Example: Daily Death Counts in NYC

Daily non-accidental mortality counts in 5-county NYC 2001-2006

load(paste0(getwd(), "/data/NYC.RData"))

fit1 = lm (alldeaths~bs (date, df = 10, degree = 1), data = health)
fit2 = lm (alldeaths~bs (date, df = 10, degree = 2), data = health)
fit3 = lm (alldeaths~bs (date, df = 10, degree = 3), data = health)


# NOTE: To see where knots are
temp = bs(health$date,df=10,degree=1) # allows 9 knots; bs does not create column of ones... 
# bs(health$date,df=10,degree=2) # allows 8 knots
# bs(health$date,df=10,degree=3) # allows 7 knots




plot (health$alldeaths~health$date, col = "grey", xlab = "Date", ylab = "Death", main = "Knots at quantiles, df = 10")
lines (fit1$fitted~health$date, col = 2, lwd = 3)
lines (fit2$fitted~health$date, col = 4, lwd = 3)
lines (fit3$fitted~health$date, col = 5, lwd = 3)
legend ("topleft", legend=c("Linear splines", "Quadratic splines", "Cubic splines"), col=c(2,4, 5), lwd=3, cex = 1.3, bty= "n")

fit1 = lm (alldeaths~bs (date, df = 20, degree = 1), data = health)
fit2 = lm (alldeaths~bs (date, df = 20, degree = 2), data = health)
fit3 = lm (alldeaths~bs (date, df = 20, degree = 3), data = health)

plot (health$alldeaths~health$date, col = "grey", xlab = "Date", ylab = "Death", main = "Knots at quantiles, df = 20")
lines (fit1$fitted~health$date, col = 2, lwd = 3)
lines (fit2$fitted~health$date, col = 4, lwd = 3)
lines (fit3$fitted~health$date, col = 5, lwd = 3)
 legend ("topleft", legend=c("Linear splines", "Quadratic splines", "Cubic splines"), col=c(2,4, 5), lwd=3, cex = 1.3, bty= "n")

Model Selection

We need to pick:
- Which basis function?
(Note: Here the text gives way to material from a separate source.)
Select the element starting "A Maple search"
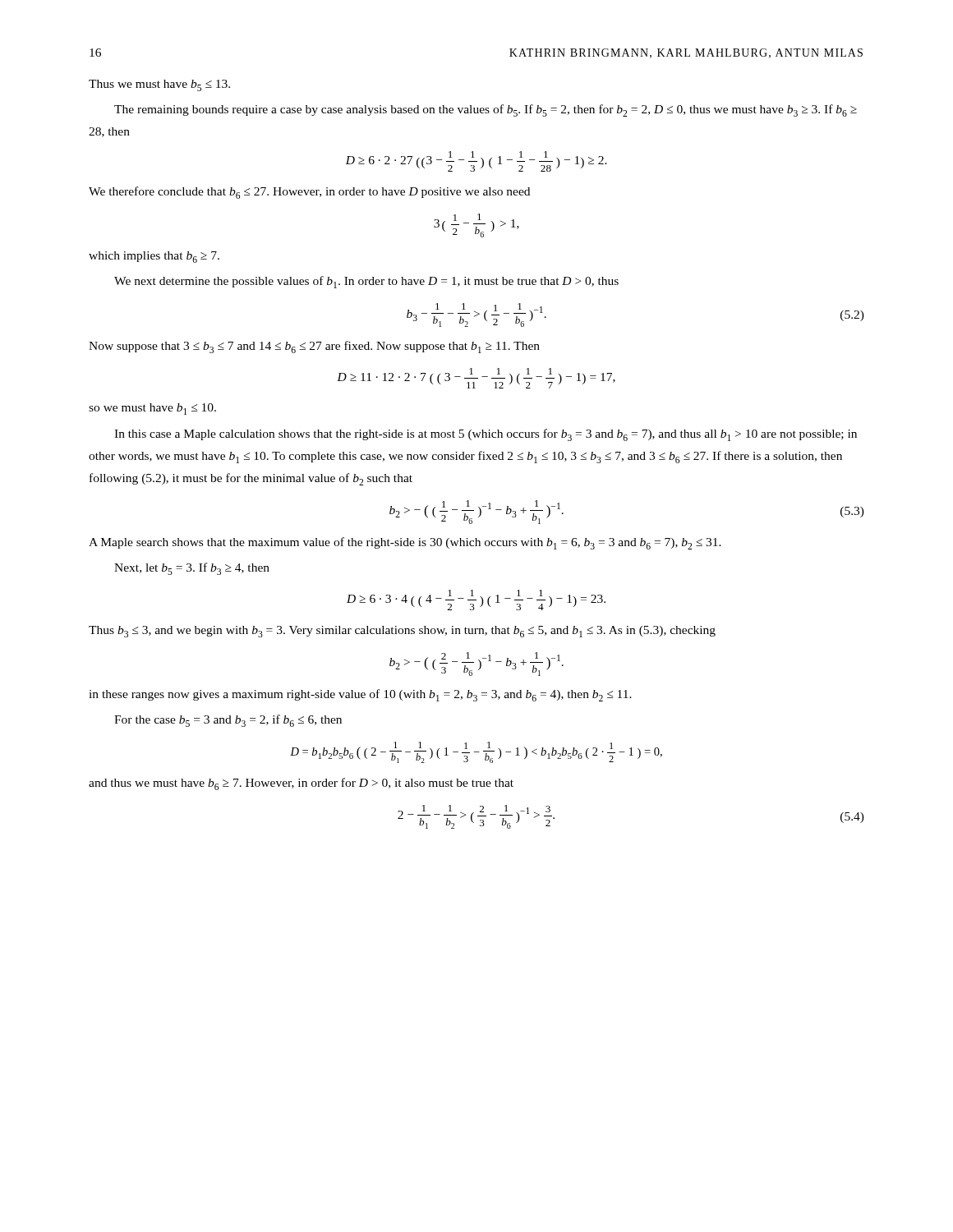The image size is (953, 1232). pos(405,543)

Linear versus Cubic
- How many knots?
- Where to put the knots?

Main Ideas

Choice of basis function usually does not have a large impact on model fit, especially when there are enough knots and $g (x)$ is smooth.
When there are enough knots, their locations are less important too! By “enough” this means distance between them is small enough to capture fluctuations.
So how many knots? is the question.

Important

Bias- Variance Tradeoff

More knots->
- can better capture fine scale trends
- Need to estimate more coefficients (risk of overfitting)
- Below shows cubic splines with different number of knots.
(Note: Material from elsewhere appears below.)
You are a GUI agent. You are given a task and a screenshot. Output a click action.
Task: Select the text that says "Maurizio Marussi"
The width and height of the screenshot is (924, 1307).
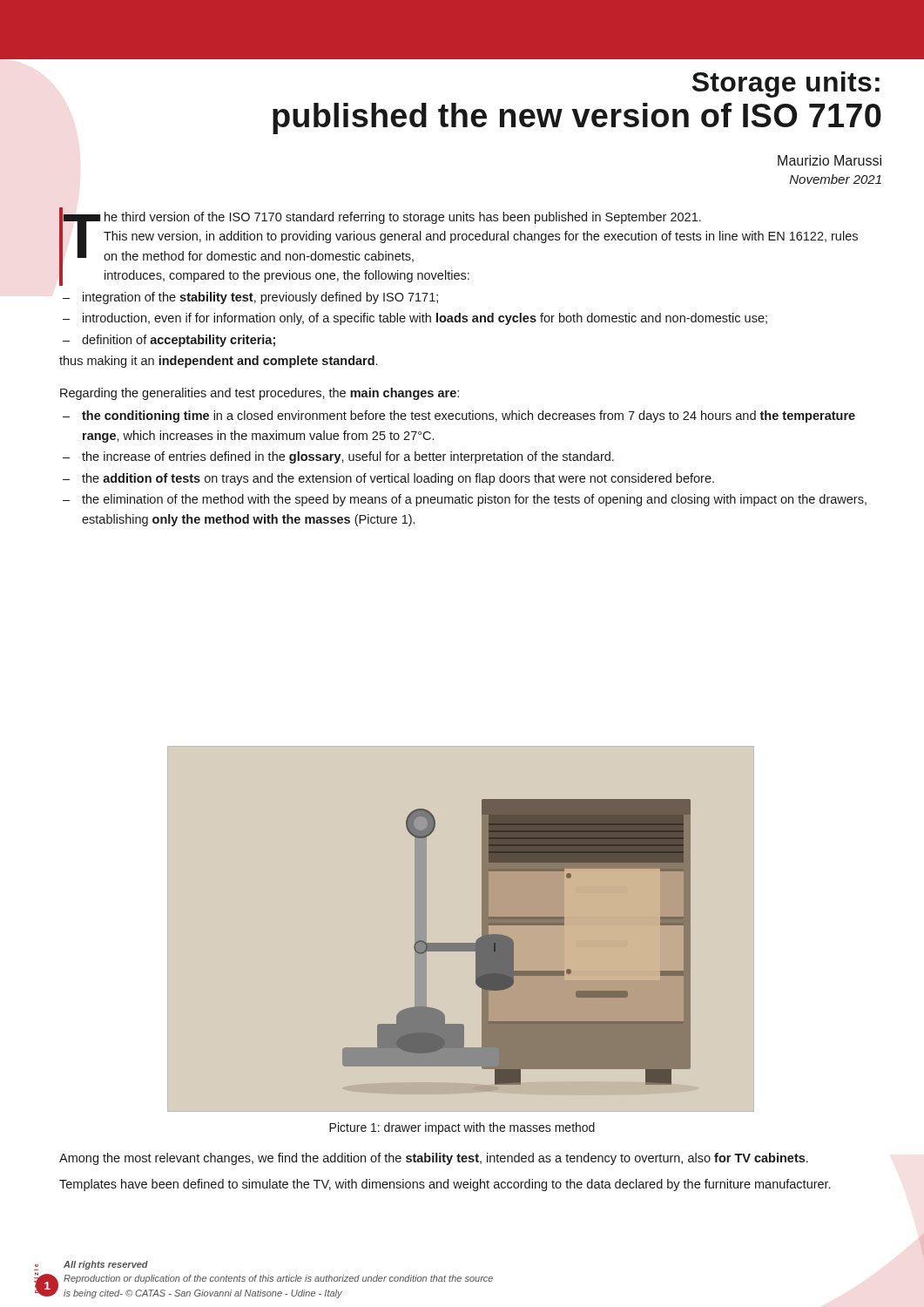tap(830, 161)

Assume $Y$ comes from some true model.

$Y = g (X) + ϵ, ϵ \sim (0, σ^{2})$

where $g ()$ is some unknown function.
For a given $x_{i}$ , we estimate $Y$ with $\hat{g} (x_{i})$ where here we assume $g (x) ⊥ ϵ$
The expected squared difference between $Y$ and $\hat{g} (x)$ is the population mean squared error (MSE):

MSE = $E [Y - \hat{g} (x)]^{2} = σ^{2} + E [g (x_{i}) - \hat{g} (x_{i})]^{2} = {Bias}^{2} + Variance$
We want to minimize the population MSE, but it is made up of 2 components.

Cross-Validation Error

Let ${\hat{g}}^{(- i)}$ be the fitted value of $y_{i}$ at $x_{i}$ using all the data except $y_{i}$ . The ordinary leave-one-out cross-validation (LOOCV) is given by

$C V = \frac{1}{n} \sum_{i = 1}^{n} (y_{i} - {\hat{g}}^{(- i)} (x_{i}))^{2}$

Intuitively, $C V$ estimates the population Mean Squared Error (MSE), $E [(Y - \hat{g} (X))^{2}]$ , with a sample MSE.

Note here we are averaging across the values of $x_{i}$ .

We want to pick a model that minimizes CV!

Caveat from Hastie et al:
“Discussions of error rate estimation can be confusing, because we have to make clear which quantities are fixed and which are random…”

Overfitting

If you overfit, then you start to fit the noise in the data, i.e., you estimate $g (x_{i}) + ϵ_{i}$ , instead of $g (x_{i})$ .
With overfitting, new data are poorly predicted.

From Bias-Variance perspective:

In splines, lines that are very wiggly = high variance.
If you underfit, then you tend to estimate a smoothed version of $g (x_{i})$ , and at the extreme, fit a mean such that $\hat{g} (x_{i}) = {\bar{y}}_{i}$ .

From Bias-Variance perspective:

In splines, lines that vary little = low variance.